Unless you have been living under a rock I guess the media deluge has made it clear that it was twenty years ago on November ninth that the Berlin Wall fell. Wow. Without a doubt the most momentous and important event that I have lived through. Not at all on the topic of this blog, but important enough to write some personal recollections about.
The silly thing is that I don’t have a strong recollection of it. My most vibrant memory from that tumultuous Fall is from December, as we saw tanks roll through the streets of Bucharest on TV. I saw it on the American Armed Forces Network, to be precise, a night on the base with my friends from Keflavík Naval Air Station, also known to the Icelanders as “the base”. This was during the year I lived in Iceland, and went to school on the AT Mahan High School on NAS Keflavik. Sometimes I would sleep over on the base with some friends, despite being a “neutral” (non-NATO). But I digress…

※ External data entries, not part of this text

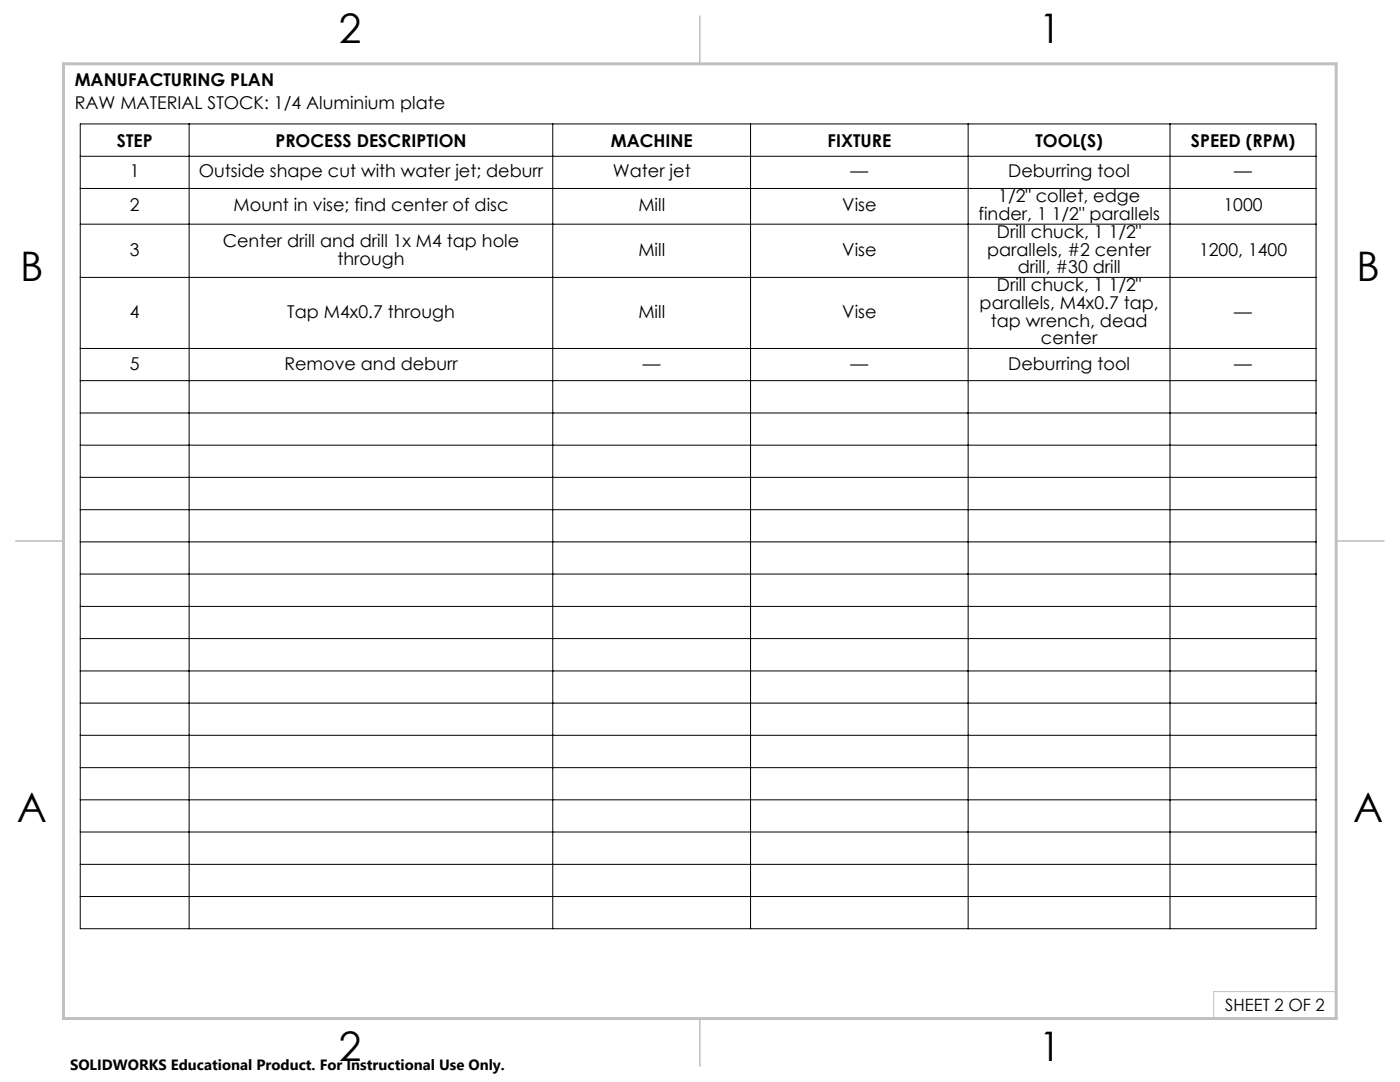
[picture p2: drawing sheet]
<svg xmlns="http://www.w3.org/2000/svg" width="279mm" height="216mm" viewBox="0 0 279 216" stroke-linecap="round" stroke-linejoin="round" font-family="sans-serif">
<defs><g id="words">
<g font-size="8.1">
<text x="67.6" y="8.5">2</text>
<text x="207.3" y="8.5">1</text>
<text x="4" y="56.1">B</text>
<text x="270.7" y="56.1">B</text>
<text x="3.3" y="164.1">A</text>
<text x="270" y="164.1">A</text>
<text x="67.6" y="211.7">2</text>
<text x="207.3" y="211.7">1</text>
</g>
<g font-size="3.5">
<text x="14.9" y="17.2">MANUFACTURING PLAN</text>
<text x="14.9" y="21.7">RAW MATERIAL STOCK: 1/4 Aluminium plate</text>
<text x="23.3" y="29.3">STEP</text>
<text x="55" y="29.3">PROCESS DESCRIPTION</text>
<text x="121.9" y="29.3">MACHINE</text>
<text x="165.2" y="29.3">FIXTURE</text>
<text x="206.6" y="29.3">TOOL(S)</text>
<text x="237.7" y="29.3">SPEED (RPM)</text>
<text x="25.9" y="35.4">1</text>
<text x="39.7" y="35.4">Outside shape cut with water jet; deburr</text>
<text x="122.3" y="35.4">Water jet</text>
<text x="169.8" y="35.4">—</text>
<text x="201.2" y="35.4">Deburring tool</text>
<text x="246.3" y="35.4">—</text>
<text x="199.2" y="40.4">1/2&quot; collet, edge</text>
<text x="25.9" y="42.1">2</text>
<text x="46.6" y="42.1">Mount in vise; find center of disc</text>
<text x="127.4" y="42.1">Mill</text>
<text x="168.1" y="42.1">Vise</text>
<text x="195.3" y="43.9">finder, 1 1/2&quot; parallels</text>
<text x="199" y="47.5">Drill chuck, 1 1/2&quot;</text>
<text x="244.2" y="42.1">1000</text>
<text x="25.9" y="51">3</text>
<text x="44.5" y="49.3">Center drill and drill 1x M4 tap hole</text>
<text x="67.4" y="52.8">through</text>
<text x="127.4" y="51">Mill</text>
<text x="168.1" y="51">Vise</text>
<text x="197" y="51">parallels, #2 center</text>
<text x="239.3" y="51">1200, 1400</text>
<text x="199" y="58.1">Drill chuck, 1 1/2&quot;</text>
<text x="203.1" y="54.5">drill, #30 drill</text>
<text x="25.9" y="63.4">4</text>
<text x="57.3" y="63.4">Tap M4x0.7 through</text>
<text x="127.4" y="63.4">Mill</text>
<text x="168.1" y="63.4">Vise</text>
<text x="195.5" y="61.7">parallels, M4x0.7 tap,</text>
<text x="197.7" y="65.2">tap wrench, dead</text>
<text x="246.3" y="63.4">—</text>
<text x="207.7" y="68.7">center</text>
<text x="25.9" y="73.7">5</text>
<text x="56.7" y="73.7">Remove and deburr</text>
<text x="128.3" y="73.7">—</text>
<text x="169.8" y="73.7">—</text>
<text x="201.2" y="73.7">Deburring tool</text>
<text x="246.3" y="73.7">—</text>
</g>
<text font-size="3.4" x="244.5" y="201.7">SHEET 2 OF 2</text>
<text font-size="3" x="14" y="213.5">SOLIDWORKS Educational Product. For Instructional Use Only.</text>
</g></defs>
<g fill="none" stroke="#000" stroke-width=".2">
<path d="M16 24.7h246.6v160.6h-246.6zM16 31.2h246.6M16 37.6h246.6M37.7 24.7v160.6M110.3 24.7v160.6M149.8 24.7v160.6M193.2 24.7v160.6M233.5 24.7v160.6M16 44.7h246.6M16 55.4h246.6M16 69.5h246.6M16 76h246.6"/>
<path d="M16 82.4h246.6M16 88.8h246.6M16 95.2h246.6M16 101.7h246.6M16 108.1h246.6M16 114.5h246.6M16 121h246.6M16 127.4h246.6M16 133.9h246.6M16 140.3h246.6M16 146.7h246.6M16 153.2h246.6"/>
<path d="M16 159.6h246.6M16 166h246.6M16 172.5h246.6M16 178.9h246.6"/>
</g>
<path d="M266.7 153.3v49.9h-240M266.7 197.9h-24.5v5.3" fill="none" stroke="#c0c0c0" stroke-width=".2"/>
<path d="M139.7 3.2v9.5M3.1 107.9h9.6M266.7 107.9h9.5M139.7 203.2v9.6" fill="none" stroke="#c0c0c0" stroke-width=".3"/>
<path d="M12.7 12.7h254v190.5h-254z" fill="none" stroke="#c0c0c0" stroke-width=".6"/>
<use href="#words"/>
</svg>

The impact of the wall coming down was felt much more clearly the next year, when me and some friends drove down to Berlin. The wall was gone, but the space it had left was still there. The trade in East Bloc memorabilia was rampant, and we had several East German military caps and some cool medals with us as we drove home. Indeed, for the next few years, East Bloc and Soviet stuff was all the rage. I actually found the cap when we cleaned out some boxes of old memorabilia the other week, guess it was fate. Or just coincidence.
It feels strange to know that the freshmen in university this year were not even born then. They have no memory of the cold war, and newspaper articles carry sidebars about “this was the DDR”… to the youngsters of today, DDR means dual-data-rate RAM, not the Deutsche Demokratische Republik.
1989 was also the year that I got my first Macintosh. An SE, with a 8 MHz 68000 processor and 2 MB of RAM, and 20 MB of HDD. It is dizzying to compare it with the machine I have at home today, a cheap Core i7 Dell. The processor is probably around 2000 times faster (300x clock, and at least 6x more efficient per clock), the memory is 4000 times bigger, the HDD 30000 times larger. Still, it does not feel as magic as that first Macintosh did… The next year, I got myself an SE/30, with a 16 MHz 68030 and an 68882 math co-processor. Screaming machine at the time, total clunker by today’s standards.
Finally, what other big events have I seen, events that you can peg a date and a memory on? The second biggest one is the killing of Olof Palme on Feb 28, 1986. Then we have “September 11” which was quite a shock. Chernobyl. U137. I have no personal relationship to the other two big recent disasters of Sweden, the Estonia disaster and the Thailand Tsunami, but they could have counted otherwise.
Still, the end of the cold war is a big deal, and the way in which it opened up Europe to what it is today.